WVUS
- Grafton, West Virginia; United States;
- Broadcast area: Taylor County, West Virginia
- Frequency: 1190 kHz
- Branding: Light of Life Ministry

Programming
- Format: Catholic radio

Ownership
- Owner: Light of Life Community, Inc.
- Sister stations: WLOL-FM

History
- First air date: 1957
- Former call signs: WVVW (1957–1982); WKGA (1982–1986); WTBZ (1986–2008);
- Call sign meaning: West Virginia, United States

Technical information
- Licensing authority: FCC
- Facility ID: 64661
- Class: D
- Power: 250 watts daytime; 22 watts nighttime;
- Transmitter coordinates: 39°21′1″N 80°2′40″W﻿ / ﻿39.35028°N 80.04444°W
- Translator: 97.5 W248DB (Clarksburg)

Links
- Public license information: Public file; LMS;
- Website: WVUS Online

= WVUS =

WVUS is a Catholic radio formatted broadcast radio station licensed to Grafton, West Virginia, serving Grafton and Taylor County, West Virginia. WVUS is owned and operated by Light of Life Community, Inc.
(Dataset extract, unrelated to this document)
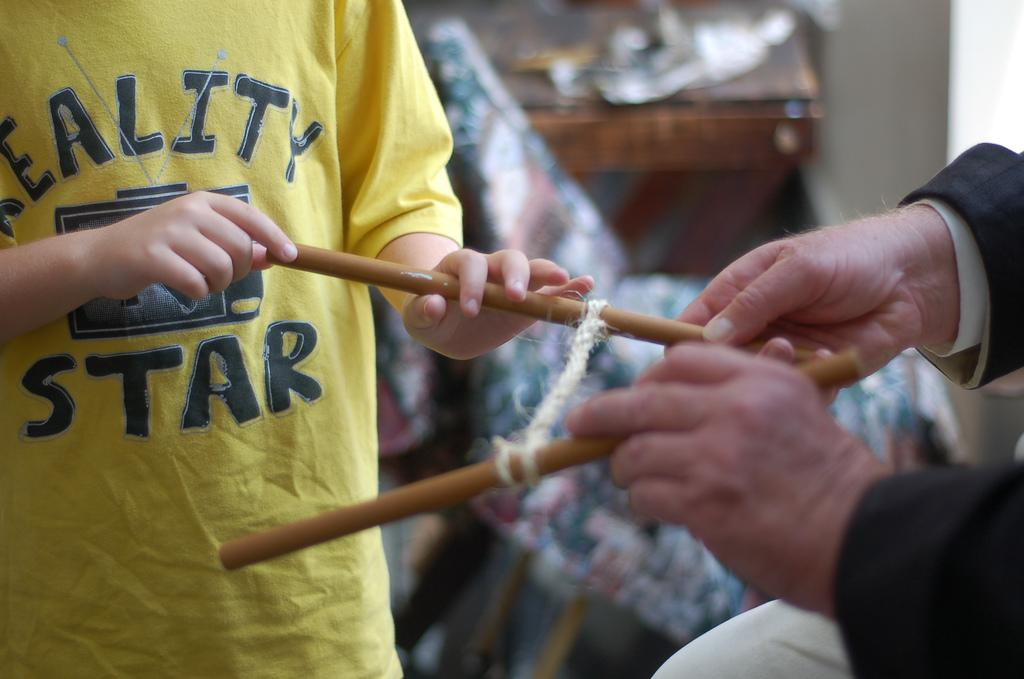<image>
Offer a succinct explanation of the picture presented. A child wearing a shirt that says 'Reality Star' holding sticks. 
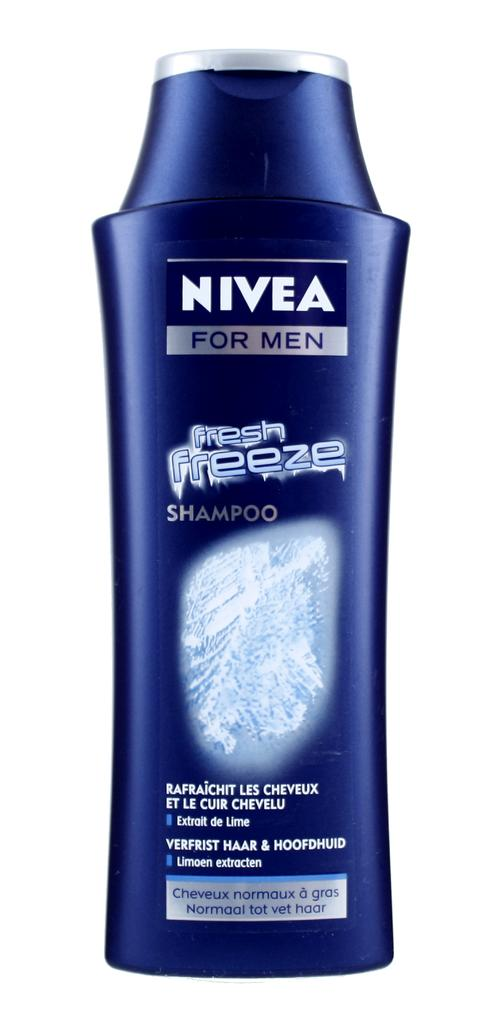<image>
Present a compact description of the photo's key features. A bottle of Nivea for men Fresh Freeze shampoo

WVUS operates on a frequency of 1190 kHz, a United States and Mexican clear-channel frequency. WVUS must reduce power from sunset to sunrise to prevent nighttime skywave interference to the Class A stations.

==History==
WVUS was first licensed as WVVW in 1957; a condition of the station's launch was that principal J. Patrick Beacom had to relinquish his interest in WTCS in Fairmont. The station switched calls to WKGA in July 1982.

In 1986, WKGA would become country formatted WTBZ and begin simulcasting then co-owned WTBZ-FM (now WKTZ-FM). In August 2002, WTBZ-FM was sold to Educational Media Foundation (becoming a K-Love affiliate), while WTBZ dropped country for a rhythmic contemporary hit radio format.

On May 6, 2008, WTBZ became WVUS in the first step as becoming a "new station". Then-owner Appalachian Radio filed an application to move the station from AM 1260 to AM 1190 and increase the station's daytime power to 4,500 watts. On August 8, 2008, WVUS officially began broadcasting on AM 1190.

It was announced on November 6, 2009, that owner Steven Tocco was attempting to sell the station at an asking price of $59,000. Tocco cited low ad revenue and high operating costs as reasons for the sale, and gave a shutdown date of December 31. On December 23, 2009, WVUS was sold to Light of Life Community, Inc. for $62,550. On March 8, 2010, WVUS dropped its adult standards format for Catholic radio programming.